**Dataset content:**
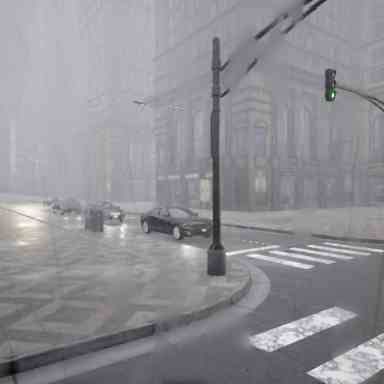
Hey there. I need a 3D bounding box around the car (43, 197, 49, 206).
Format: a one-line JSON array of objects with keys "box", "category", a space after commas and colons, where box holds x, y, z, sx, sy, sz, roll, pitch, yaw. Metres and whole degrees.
[{"box": [-21.993, 1.451, 52.109, 1.812, 1.442, 4.674, 0, 0, -36], "category": "car"}]

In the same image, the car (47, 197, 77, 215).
[{"box": [-12.963, 1.522, 34.125, 2.033, 1.411, 5.357, 0, 0, -35], "category": "car"}]

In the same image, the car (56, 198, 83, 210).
[{"box": [-16.352, 1.494, 44.295, 2.033, 1.411, 5.357, 0, 0, -35], "category": "car"}]

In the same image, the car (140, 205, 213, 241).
[{"box": [-0.902, 1.473, 17.206, 1.882, 1.535, 5.008, 0, 0, -36], "category": "car"}]

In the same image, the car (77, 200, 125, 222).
[{"box": [-6.816, 1.484, 25.493, 2.128, 1.511, 4.902, 0, 0, -36], "category": "car"}]
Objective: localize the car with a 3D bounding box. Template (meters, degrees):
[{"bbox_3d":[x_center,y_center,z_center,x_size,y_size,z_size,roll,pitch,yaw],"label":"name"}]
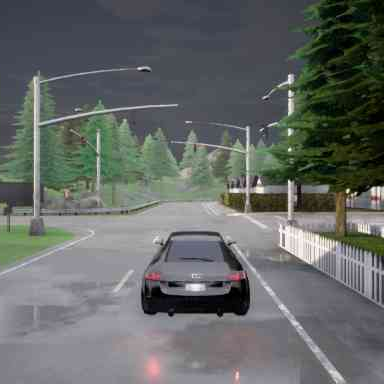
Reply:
[{"bbox_3d":[0.077,1.564,7.565,1.994,1.385,4.181,0,0,1],"label":"car"}]
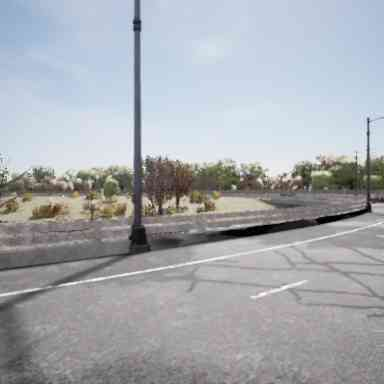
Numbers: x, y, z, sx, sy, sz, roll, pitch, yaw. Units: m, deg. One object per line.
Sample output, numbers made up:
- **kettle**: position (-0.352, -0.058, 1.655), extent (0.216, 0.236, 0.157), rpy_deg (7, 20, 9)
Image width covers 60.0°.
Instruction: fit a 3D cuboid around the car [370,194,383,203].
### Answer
- **car**: position (37.663, 1.257, 67.938), extent (2.097, 1.767, 4.553), rpy_deg (0, 0, 12)
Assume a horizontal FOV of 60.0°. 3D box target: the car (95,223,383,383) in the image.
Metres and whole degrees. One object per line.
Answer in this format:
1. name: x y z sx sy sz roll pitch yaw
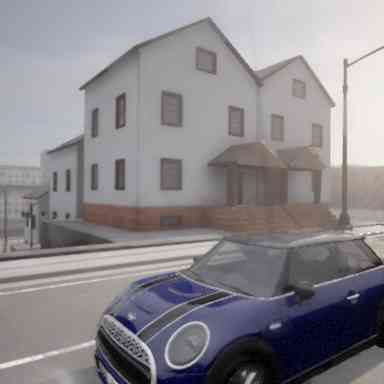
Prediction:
1. car: 1.030 1.389 4.718 4.553 1.767 2.097 1 0 -35
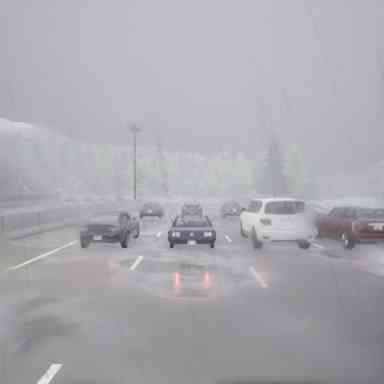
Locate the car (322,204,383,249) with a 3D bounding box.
[{"bbox_3d":[7.000,1.366,14.620,2.097,1.767,4.553,0,0,0],"label":"car"}]

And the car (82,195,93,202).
[{"bbox_3d":[-23.075,1.447,73.424,1.882,1.535,5.008,0,0,-10],"label":"car"}]

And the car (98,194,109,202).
[{"bbox_3d":[-19.648,1.319,74.139,2.097,1.767,4.553,0,0,-10],"label":"car"}]

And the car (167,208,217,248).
[{"bbox_3d":[0.000,1.616,14.680,1.895,1.301,4.718,0,0,0],"label":"car"}]

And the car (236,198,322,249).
[{"bbox_3d":[3.500,1.258,14.680,2.150,2.045,5.566,0,0,0],"label":"car"}]

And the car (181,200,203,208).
[{"bbox_3d":[0.000,1.495,29.650,2.128,1.511,4.902,0,0,0],"label":"car"}]

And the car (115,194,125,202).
[{"bbox_3d":[-16.216,1.314,74.825,2.097,1.767,4.553,0,0,-10],"label":"car"}]

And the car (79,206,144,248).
[{"bbox_3d":[-3.500,1.533,14.650,1.812,1.442,4.674,0,0,0],"label":"car"}]

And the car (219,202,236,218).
[{"bbox_3d":[3.500,1.563,29.650,2.033,1.411,5.357,0,0,0],"label":"car"}]

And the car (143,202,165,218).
[{"bbox_3d":[-3.500,1.572,29.650,1.994,1.385,4.181,0,0,0],"label":"car"}]

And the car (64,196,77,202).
[{"bbox_3d":[-26.507,1.515,72.738,2.033,1.411,5.357,0,0,-10],"label":"car"}]

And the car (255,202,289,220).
[{"bbox_3d":[7.000,1.616,29.680,1.895,1.301,4.718,0,0,0],"label":"car"}]
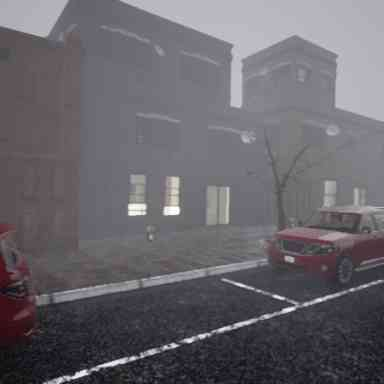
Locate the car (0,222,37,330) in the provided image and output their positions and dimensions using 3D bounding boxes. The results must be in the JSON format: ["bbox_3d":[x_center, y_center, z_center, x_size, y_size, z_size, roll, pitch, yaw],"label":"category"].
[{"bbox_3d":[-4.330,1.307,3.450,5.009,1.841,2.192,0,1,-35],"label":"car"}]

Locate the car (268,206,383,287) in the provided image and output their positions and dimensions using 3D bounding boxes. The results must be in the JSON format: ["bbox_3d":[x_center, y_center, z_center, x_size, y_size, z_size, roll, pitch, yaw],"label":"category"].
[{"bbox_3d":[4.479,1.366,9.724,5.009,1.841,2.192,0,1,-35],"label":"car"}]

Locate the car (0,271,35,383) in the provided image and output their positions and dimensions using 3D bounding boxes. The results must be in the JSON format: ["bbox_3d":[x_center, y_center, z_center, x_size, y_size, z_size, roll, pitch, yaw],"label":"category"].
[{"bbox_3d":[-3.315,1.493,1.016,4.892,1.490,1.837,0,0,-35],"label":"car"}]
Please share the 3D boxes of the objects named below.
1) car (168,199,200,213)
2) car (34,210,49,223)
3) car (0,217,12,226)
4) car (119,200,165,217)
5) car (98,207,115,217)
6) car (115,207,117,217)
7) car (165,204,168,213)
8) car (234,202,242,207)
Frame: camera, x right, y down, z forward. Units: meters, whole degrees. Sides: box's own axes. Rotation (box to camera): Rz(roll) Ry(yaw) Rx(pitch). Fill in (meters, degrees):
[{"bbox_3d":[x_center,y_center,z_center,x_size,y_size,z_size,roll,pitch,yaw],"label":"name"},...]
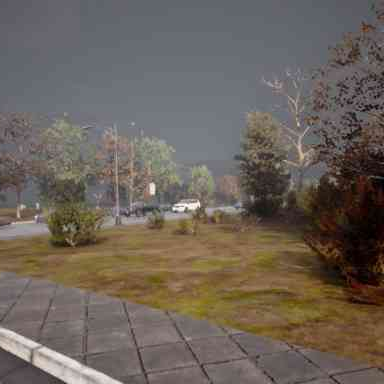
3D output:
[{"bbox_3d":[-0.787,2.197,52.165,2.150,2.045,5.566,-3,-2,33],"label":"car"},{"bbox_3d":[-14.853,2.510,36.486,2.128,1.511,4.902,-3,-2,33],"label":"car"},{"bbox_3d":[-17.333,2.391,26.337,2.033,1.411,5.357,-3,-2,34],"label":"car"},{"bbox_3d":[-6.468,2.128,43.213,2.150,2.045,5.566,-3,-2,32],"label":"car"},{"bbox_3d":[-9.837,2.045,31.041,2.097,1.767,4.553,-3,-2,33],"label":"car"},{"bbox_3d":[-10.038,2.619,44.082,1.994,1.385,4.181,-3,-2,32],"label":"car"},{"bbox_3d":[-4.571,2.612,52.713,2.128,1.511,4.902,-3,-2,32],"label":"car"},{"bbox_3d":[9.582,2.480,61.678,2.033,1.411,5.357,-3,-2,33],"label":"car"}]
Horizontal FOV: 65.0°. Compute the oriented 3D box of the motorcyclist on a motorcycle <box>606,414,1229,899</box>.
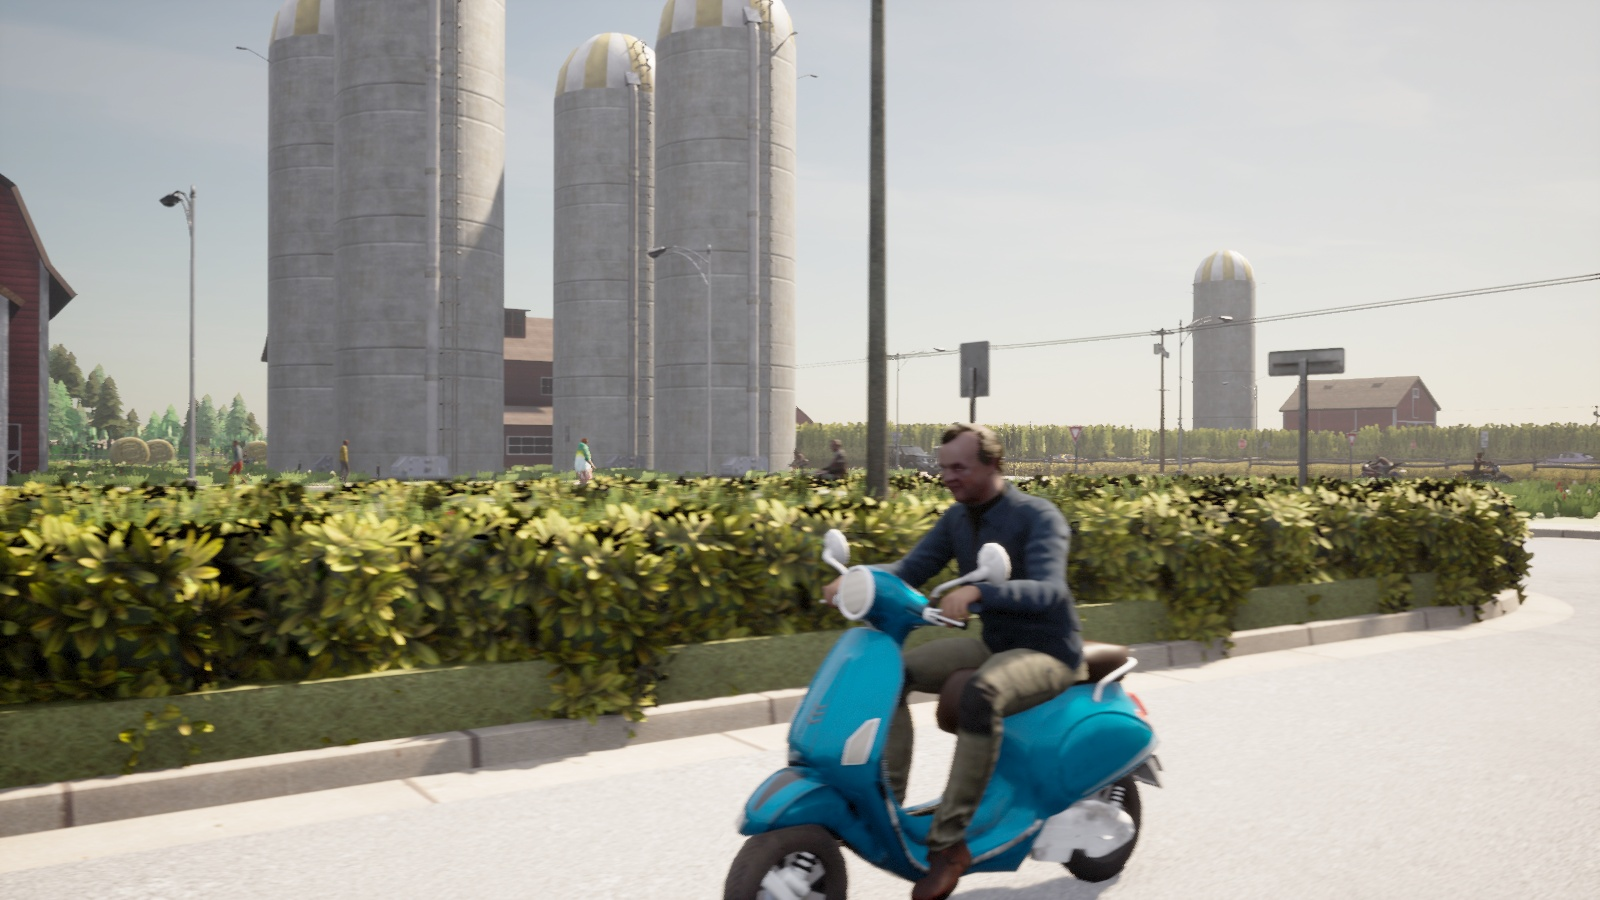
[{"bbox_3d":[0.410,0.707,3.944,1.817,1.590,0.866,0,0,-35],"label":"motorcyclist on a motorcycle"}]

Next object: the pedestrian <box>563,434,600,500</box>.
[{"bbox_3d":[-6.533,0.506,37.500,0.873,1.952,0.659,0,0,-36],"label":"pedestrian"}]

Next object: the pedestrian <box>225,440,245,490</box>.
[{"bbox_3d":[-20.802,0.557,46.243,0.614,1.847,0.353,0,0,-40],"label":"pedestrian"}]

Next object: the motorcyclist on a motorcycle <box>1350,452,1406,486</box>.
[{"bbox_3d":[26.771,0.866,58.181,0.866,1.530,2.191,0,0,-35],"label":"motorcyclist on a motorcycle"}]

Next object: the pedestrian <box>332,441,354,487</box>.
[{"bbox_3d":[-18.187,0.561,49.965,0.726,1.835,0.370,0,0,-39],"label":"pedestrian"}]

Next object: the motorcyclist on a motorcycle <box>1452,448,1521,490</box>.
[{"bbox_3d":[27.710,0.761,50.707,0.766,1.649,2.350,0,0,-35],"label":"motorcyclist on a motorcycle"}]

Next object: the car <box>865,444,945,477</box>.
[{"bbox_3d":[6.701,0.648,81.060,2.150,2.045,5.566,0,0,-34],"label":"car"}]
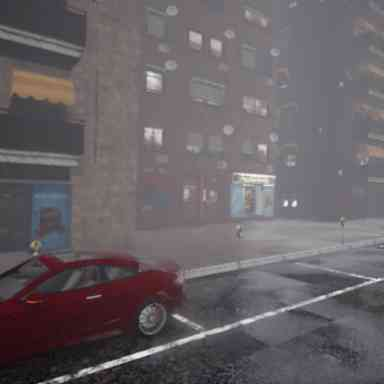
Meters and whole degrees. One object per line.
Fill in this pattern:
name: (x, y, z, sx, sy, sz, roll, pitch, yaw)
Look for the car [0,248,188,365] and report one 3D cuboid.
car: (-2.005, 1.583, 5.073, 4.206, 1.307, 1.802, 0, 1, -36)
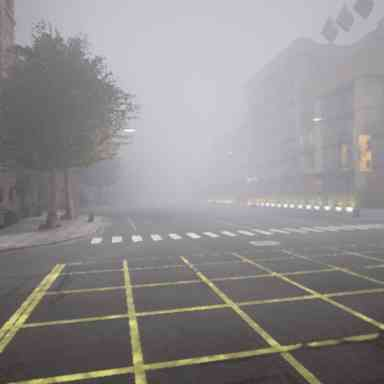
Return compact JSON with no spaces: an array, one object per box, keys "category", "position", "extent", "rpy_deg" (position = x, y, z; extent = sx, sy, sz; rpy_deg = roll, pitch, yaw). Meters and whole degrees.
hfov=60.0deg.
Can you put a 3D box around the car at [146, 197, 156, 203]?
[{"category":"car","position":[-11.260,2.244,94.207],"extent":[1.882,1.535,5.008],"rpy_deg":[-1,0,-13]}]

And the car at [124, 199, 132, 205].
[{"category":"car","position":[-16.821,2.517,87.153],"extent":[2.128,1.511,4.902],"rpy_deg":[-1,0,-13]}]

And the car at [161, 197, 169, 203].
[{"category":"car","position":[-7.848,2.219,94.991],"extent":[2.128,1.511,4.902],"rpy_deg":[-1,0,-13]}]
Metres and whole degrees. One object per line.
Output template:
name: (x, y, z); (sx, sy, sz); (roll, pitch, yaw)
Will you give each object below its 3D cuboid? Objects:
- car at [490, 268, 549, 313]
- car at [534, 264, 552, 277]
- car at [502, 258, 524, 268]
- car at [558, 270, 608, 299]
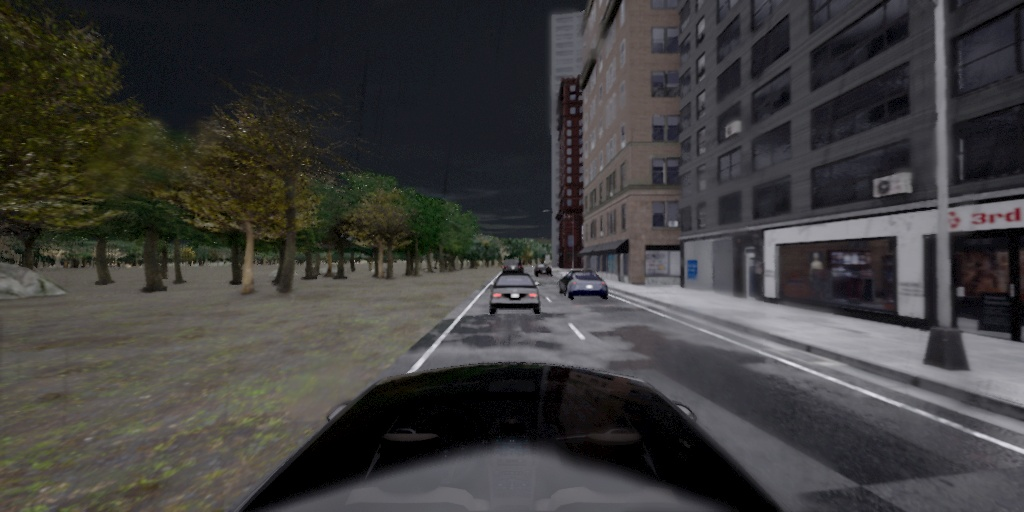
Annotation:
car: (0.101, 1.371, 14.300); (2.033, 1.411, 5.357); (0, 0, 0)
car: (3.620, 1.640, 42.683); (1.882, 1.535, 5.008); (0, -1, 0)
car: (0.108, 1.289, 37.169); (2.150, 2.045, 5.566); (0, -1, 0)
car: (3.604, 1.417, 18.712); (1.994, 1.385, 4.181); (0, 0, 0)

**Task description:**
Above are some lines. Repeat exactly, and only, those from the line that has "Will you give" through the line that has "- car at [558, 270, 608, 299]".

**Written answer:**
Will you give each object below its 3D cuboid? Objects:
- car at [490, 268, 549, 313]
- car at [534, 264, 552, 277]
- car at [502, 258, 524, 268]
- car at [558, 270, 608, 299]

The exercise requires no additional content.